Still, L2 admits that there are signs that so-called “mcommerce” hasn’t quite caught on—conceding that traditional desktop devices drive far more conversions than do mobile devices.
“Today, mobile phones are still best suited for upper-funnel shopping activities like comparison shopping, product research, and browsing and product discovery,” notes L2.
The firm goes on to highlight that while consumers conduct 60 percent of their online-shopping time via mobile, mobile accounts for only 16 percent of these transactions.

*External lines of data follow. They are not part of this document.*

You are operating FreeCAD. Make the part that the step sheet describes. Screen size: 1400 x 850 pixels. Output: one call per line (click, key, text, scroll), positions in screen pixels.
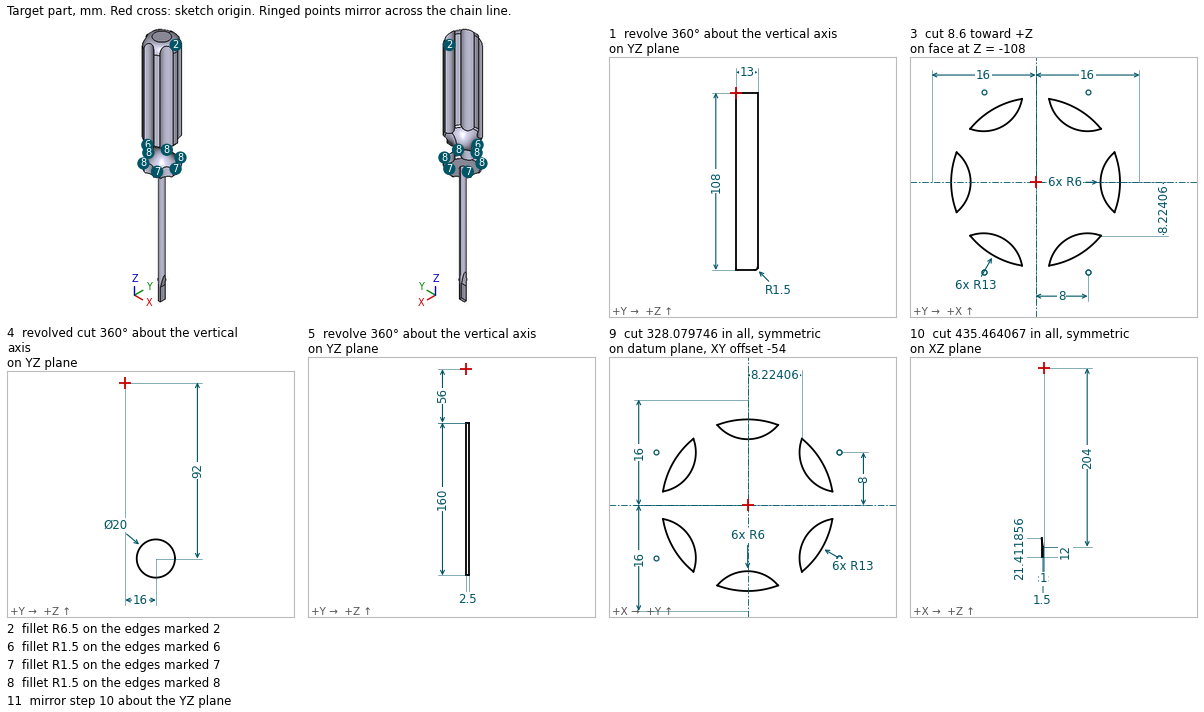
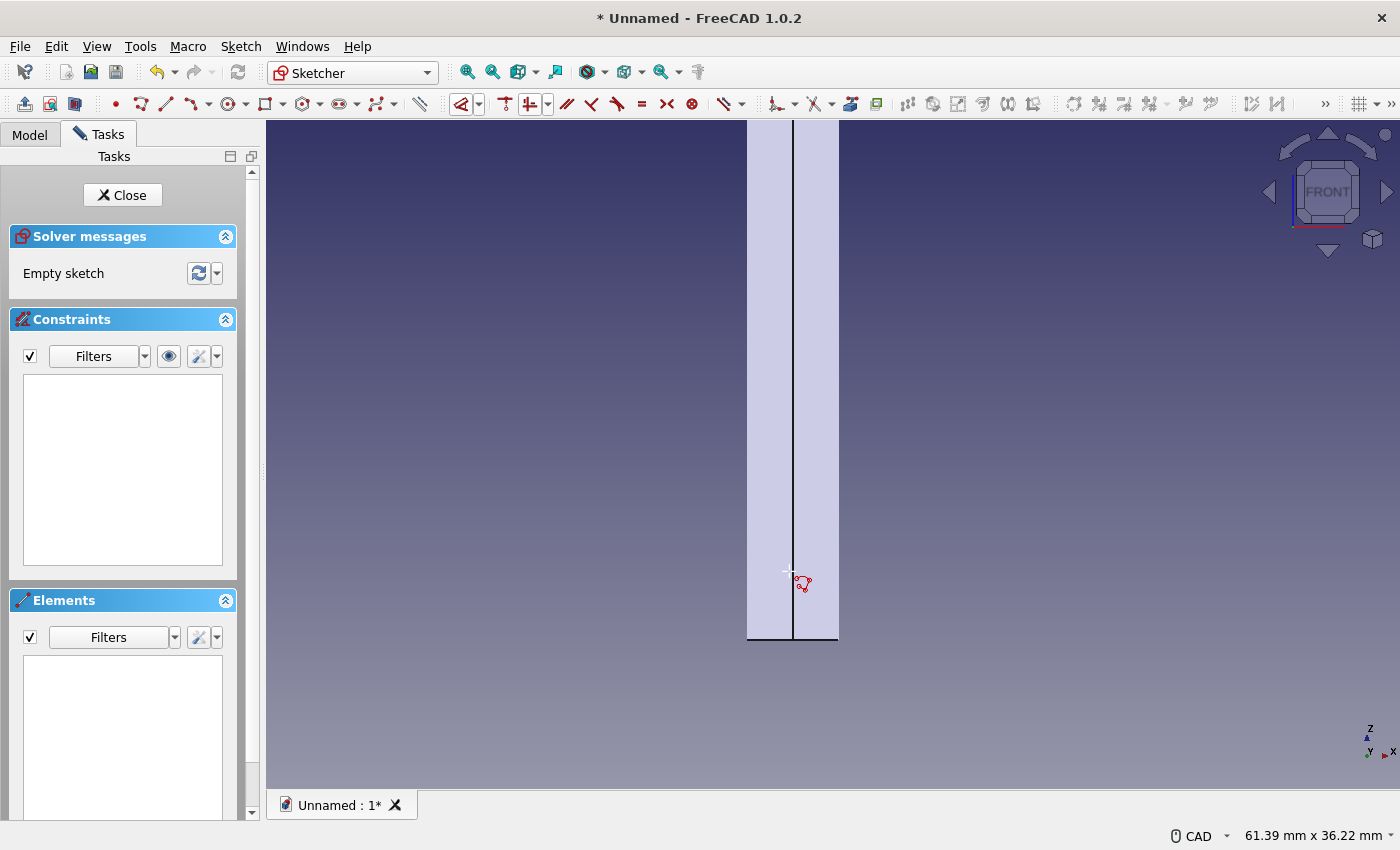
click(747, 244)
click(774, 418)
click(774, 640)
click(747, 640)
click(747, 245)
key(Escape)
key(Escape)

L2 maintains, however, that this represents a missed opportunity for brands to enmesh customers via mobile-based tools—including loyalty programs, streamlined checkout, payment options, and cross-channel integration with existing customer data (such as email addresses).

On this latter point, L2’s data is eye-opening—demonstrating that, for online shopping, “the average checkout experience requires a consumer to input anywhere from 13 to 16 fields.”
As for brick-and-mortar shoppers?
“It’s all about self-help in-store. [Shoppers] are now looking for digital in-store to give them self-directed shopping experiences like they get online,” said InReality, an in-store marketing- and analytics-solutions company, in its shopping research report, The Reality of Retail. “50 percent of shoppers would be more likely to buy in-store if given mobile apps to improve or personalize the in-store experience.”
This statistic (gleaned from a December 2015 survey of 682 consumers across 48 states) may more accurately represent less of a demand for tech-aided shopping and more of a demand for help from human beings.

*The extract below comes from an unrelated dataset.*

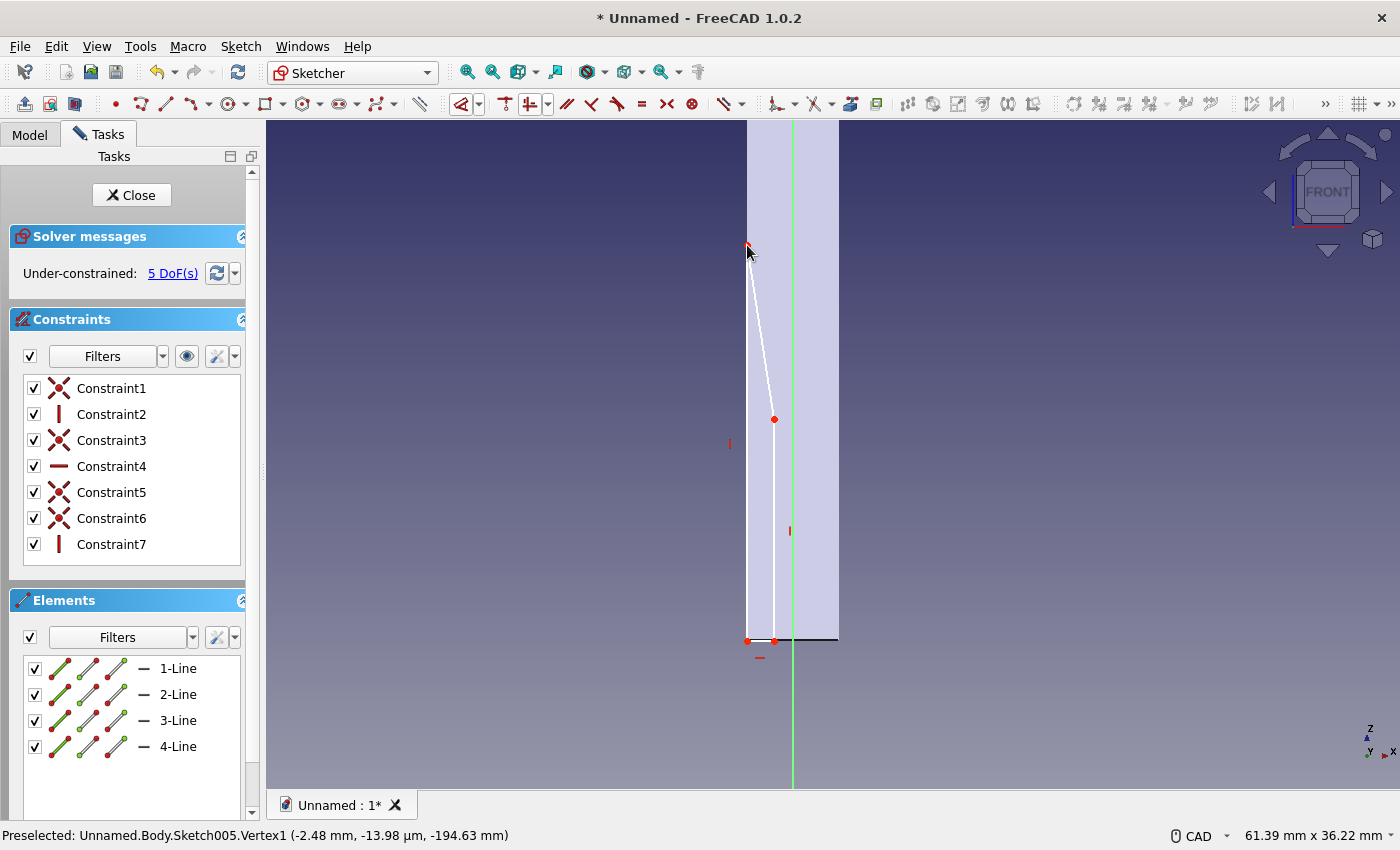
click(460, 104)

InReality reports that 47 percent of respondents indicated that help from sales clerks was moderately to extremely important, while another 46 percent said that they didn’t consider help from sales associates important because they “usually know more than the sales associate [does].”
InReality nonetheless insists that mobile tech is the answer—reporting that “63 percent of shoppers said they would be more likely to buy in-store if sales associates equipped with tablets were available for product information, availability, or ordering.”

The call is not going unheeded. For an report by WBR Digital and RetailMeNot, brick-and-mortar brand representatives were asked the loaded, leading question, “Which…innovative digital capabilities will you be investing in over the next 12 months?” Mobile devices for sales teams ranked second place in this preselected shortlist, with 38 percent of respondents indicating that they would invest therein. (First place? Mobile wallets – at 47 percent.)
“I think there’s a question of: Is there a payoff there?”

Andy Cutler, Director of Global Customer Solutions for data-management company RedPoint Global, told DMN when asked about this trend: “I would say that’s at the early-adoption stage. I see it working in a Brooks Brothers…where the average ticket is $1,000 rather than $100.”
Indeed, brands might find their money better spent elsewhere. InReality is a company that focuses on digital marketing solutions—and when one has a hammer, every problem looks like a nail. Investing in better employee training—thereby adding an efficient, knowledgeable human touch—is a survey option conspicuously missing from all of these industry reports.